■ Task details: The answer should consist of the records below, repeated exactly, and no pictures.

■ Information shown:
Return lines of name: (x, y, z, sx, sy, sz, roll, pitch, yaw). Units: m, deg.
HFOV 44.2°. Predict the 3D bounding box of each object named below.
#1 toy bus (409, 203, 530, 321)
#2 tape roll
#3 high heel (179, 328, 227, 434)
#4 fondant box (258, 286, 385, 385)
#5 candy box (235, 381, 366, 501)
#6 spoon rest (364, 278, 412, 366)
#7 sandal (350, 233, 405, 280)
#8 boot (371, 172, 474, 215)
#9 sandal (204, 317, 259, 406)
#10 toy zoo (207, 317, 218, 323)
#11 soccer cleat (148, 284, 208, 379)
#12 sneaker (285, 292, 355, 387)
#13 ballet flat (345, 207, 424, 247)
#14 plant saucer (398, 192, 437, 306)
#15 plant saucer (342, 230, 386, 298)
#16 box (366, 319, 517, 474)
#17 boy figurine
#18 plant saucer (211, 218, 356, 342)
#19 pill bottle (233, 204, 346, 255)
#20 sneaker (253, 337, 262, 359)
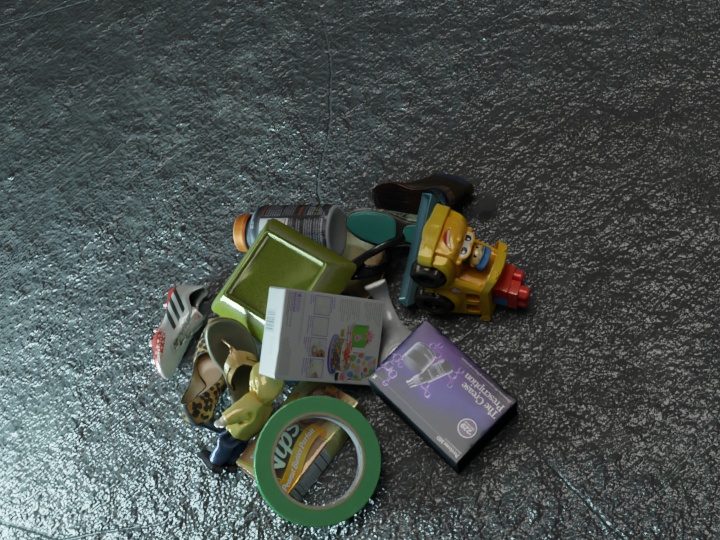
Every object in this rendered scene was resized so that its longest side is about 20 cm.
toy bus: (0.191, -0.001, 1.482, 0.191, 0.200, 0.136, 15, 64, 18)
tape roll: (-0.068, 0.300, 1.399, 0.200, 0.048, 0.201, 2, 74, -8)
high heel: (-0.274, 0.175, 1.532, 0.071, 0.143, 0.201, -14, 66, 11)
fondant box: (-0.061, 0.110, 1.465, 0.058, 0.199, 0.145, 4, 86, 57)
candy box: (-0.098, 0.279, 1.477, 0.115, 0.055, 0.200, 28, 71, 32)
spoon rest: (0.061, 0.116, 1.540, 0.099, 0.061, 0.201, -20, 67, 6)
sandal: (-0.001, 0.000, 1.586, 0.200, 0.075, 0.048, -32, 91, 2)
boot: (0.119, -0.142, 1.690, 0.200, 0.075, 0.097, 10, 25, 43)
sandal: (-0.204, 0.173, 1.510, 0.080, 0.201, 0.054, -19, 12, -16)
toy zoo: (-0.192, 0.136, 1.628, 0.199, 0.020, 0.132, -8, 56, 14)
soccer cleat: (-0.338, 0.110, 1.669, 0.085, 0.069, 0.201, -9, 51, 19)
sneaker: (-0.075, 0.123, 1.556, 0.200, 0.082, 0.074, -46, 52, -12)
ballet flat: (0.073, -0.077, 1.635, 0.199, 0.074, 0.074, 13, 61, 6)
plant saucer: (0.102, -0.036, 1.563, 0.019, 0.070, 0.201, 12, 94, -10)
plant saucer: (-0.044, 0.005, 1.654, 0.199, 0.035, 0.201, -9, 55, 13)
box: (0.130, 0.199, 1.415, 0.141, 0.079, 0.200, -45, 67, -10)
boy figurine: (-0.194, 0.243, 1.472, 0.064, 0.124, 0.200, 34, 100, 29)
plant saucer: (-0.141, 0.023, 1.530, 0.199, 0.048, 0.200, 29, 81, 23)
pill bottle: (-0.134, -0.070, 1.648, 0.199, 0.106, 0.107, 1, 58, 20)
sneaker: (-0.155, 0.102, 1.578, 0.088, 0.075, 0.201, 20, 71, 17)

■ Response to this task:
Return lines of name: (x, y, z, sx, sy, sz, roll, pitch, yaw). Units: m, deg.
HFOV 44.2°. Predict the 3D bounding box of each object named below.
#1 toy bus (409, 203, 530, 321)
#2 tape roll
#3 high heel (179, 328, 227, 434)
#4 fondant box (258, 286, 385, 385)
#5 candy box (235, 381, 366, 501)
#6 spoon rest (364, 278, 412, 366)
#7 sandal (350, 233, 405, 280)
#8 boot (371, 172, 474, 215)
#9 sandal (204, 317, 259, 406)
#10 toy zoo (207, 317, 218, 323)
#11 soccer cleat (148, 284, 208, 379)
#12 sneaker (285, 292, 355, 387)
#13 ballet flat (345, 207, 424, 247)
#14 plant saucer (398, 192, 437, 306)
#15 plant saucer (342, 230, 386, 298)
#16 box (366, 319, 517, 474)
#17 boy figurine
#18 plant saucer (211, 218, 356, 342)
#19 pill bottle (233, 204, 346, 255)
#20 sneaker (253, 337, 262, 359)
Every object in this rendered scene was resized so that its longest side is about 20 cm.
toy bus: (0.191, -0.001, 1.482, 0.191, 0.200, 0.136, 15, 64, 18)
tape roll: (-0.068, 0.300, 1.399, 0.200, 0.048, 0.201, 2, 74, -8)
high heel: (-0.274, 0.175, 1.532, 0.071, 0.143, 0.201, -14, 66, 11)
fondant box: (-0.061, 0.110, 1.465, 0.058, 0.199, 0.145, 4, 86, 57)
candy box: (-0.098, 0.279, 1.477, 0.115, 0.055, 0.200, 28, 71, 32)
spoon rest: (0.061, 0.116, 1.540, 0.099, 0.061, 0.201, -20, 67, 6)
sandal: (-0.001, 0.000, 1.586, 0.200, 0.075, 0.048, -32, 91, 2)
boot: (0.119, -0.142, 1.690, 0.200, 0.075, 0.097, 10, 25, 43)
sandal: (-0.204, 0.173, 1.510, 0.080, 0.201, 0.054, -19, 12, -16)
toy zoo: (-0.192, 0.136, 1.628, 0.199, 0.020, 0.132, -8, 56, 14)
soccer cleat: (-0.338, 0.110, 1.669, 0.085, 0.069, 0.201, -9, 51, 19)
sneaker: (-0.075, 0.123, 1.556, 0.200, 0.082, 0.074, -46, 52, -12)
ballet flat: (0.073, -0.077, 1.635, 0.199, 0.074, 0.074, 13, 61, 6)
plant saucer: (0.102, -0.036, 1.563, 0.019, 0.070, 0.201, 12, 94, -10)
plant saucer: (-0.044, 0.005, 1.654, 0.199, 0.035, 0.201, -9, 55, 13)
box: (0.130, 0.199, 1.415, 0.141, 0.079, 0.200, -45, 67, -10)
boy figurine: (-0.194, 0.243, 1.472, 0.064, 0.124, 0.200, 34, 100, 29)
plant saucer: (-0.141, 0.023, 1.530, 0.199, 0.048, 0.200, 29, 81, 23)
pill bottle: (-0.134, -0.070, 1.648, 0.199, 0.106, 0.107, 1, 58, 20)
sneaker: (-0.155, 0.102, 1.578, 0.088, 0.075, 0.201, 20, 71, 17)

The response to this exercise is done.